Directs the Secretary of Health and Human Services (HHS) through the Centers for Disease Control (CDC) to conduct a public education campaign to increase the awareness and knowledge of health care providers and individuals concerning the importance of clinical trials and biomarker testing in cancer treatment. 

• This section aims for the Centers for Disease Control, which runs the Comprehensive Cancer program, to add clinical trials and biomarker testing as a priority area and to include clinical trials and biomarker testing awareness among the public health campaigns that it funds and promotes.
  
• It also calls for demonstration projects that pilot efforts to intensify access to and delivery of comprehensive biomarker testing for patients where evidence shows that there is a lack of testing sufficiency. 
  
• Biomarker testing is a way to look for genes, proteins, and other substances (called biomarkers) that can provide cancer information. Each person’s cancer has a unique pattern of biomarkers. Some biomarkers affect how certain cancer treatments work.
  
• Biomarker testing helps patients and their medical providers diagnose cancer and determine appropriate courses of treatment including eligibility for clinical trials.
  
• The current National Comprehensive Cancer Network’s guidelines call for cancer clinical trials to be considered in many cases including in brain tumors.
  
• If clinical trial awareness and biomarker testing were part of mass education efforts across states, it could lead to benefits such as: 
  
  • Improved diversity in cancer clinical trials 
  • Improved accrual 
  • Improved patient knowledge of their cancer, leading to more informed decisions
  • Better matching of patients to treatments based on their biomarkers
    

Innovating Health Care Delivery & Enhancing Brain Tumor Survivorship

Provides funding and allows the Secretary of HHS – through the National Institutes of Health (NIH), including the National Cancer Institute’s Office of Cancer Survivorship –  to make awards to eligible entities to establish programs to develop, study, or evaluate model systems for monitoring and caring for adult, adolescent, and pediatric brain tumor survivors throughout their lifespan, including evaluation of current health care models for transition to post-treatment care and care coordination. 
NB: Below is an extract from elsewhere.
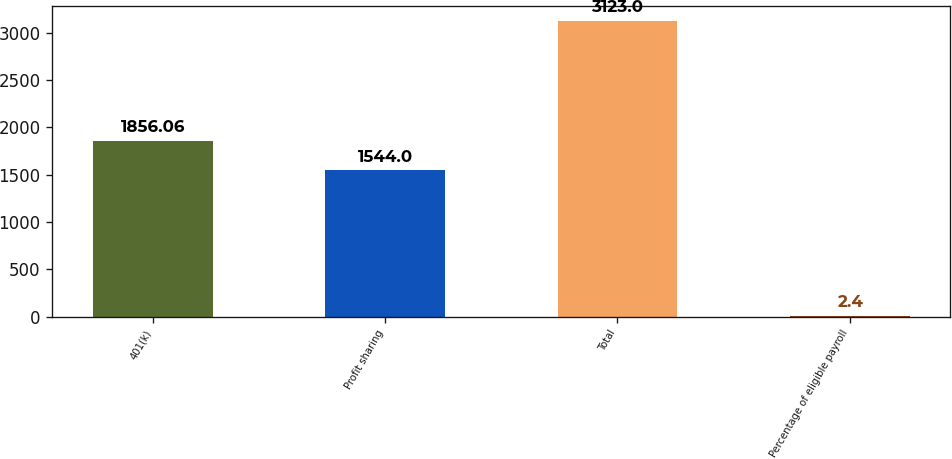Convert chart to OTSL. <chart><loc_0><loc_0><loc_500><loc_500><bar_chart><fcel>401(k)<fcel>Profit sharing<fcel>Total<fcel>Percentage of eligible payroll<nl><fcel>1856.06<fcel>1544<fcel>3123<fcel>2.4<nl></chart>

• This provision calls for grants made by the NIH to foster needed innovation in health care delivery. 
  
• Quality of life for patients living with brain tumors ranges significantly with many different health outcomes. With so many adult and pediatric survivors of different types of brain tumors, it is important to develop appropriate innovative care systems for patients and their families including in palliative care and various settings including educational, social, community, and family.
  

Making Clinical Trials More Accessible to a Greater Number of Patients

Requires the FDA to develop new guidance to industry to help identify ways to reduce exclusion of brain tumor patients and other patients with rare and recalcitrant cancers from clinical trials evaluating treatments for other indications.

• This section calls for the FDA to develop guidance to help sponsors reduce this problem in ways that maintain the validity of clinical trials.
  
• Currently there is no FDA guidance document that specifically covers issues related to how to reduce exclusion in therapeutic (cancer and non-cancer) clinical trials based upon chronic condition/disease.
  
• Cancer patients may be excluded from clinical trials evaluating treatments for other diseases and conditions just because they have cancer.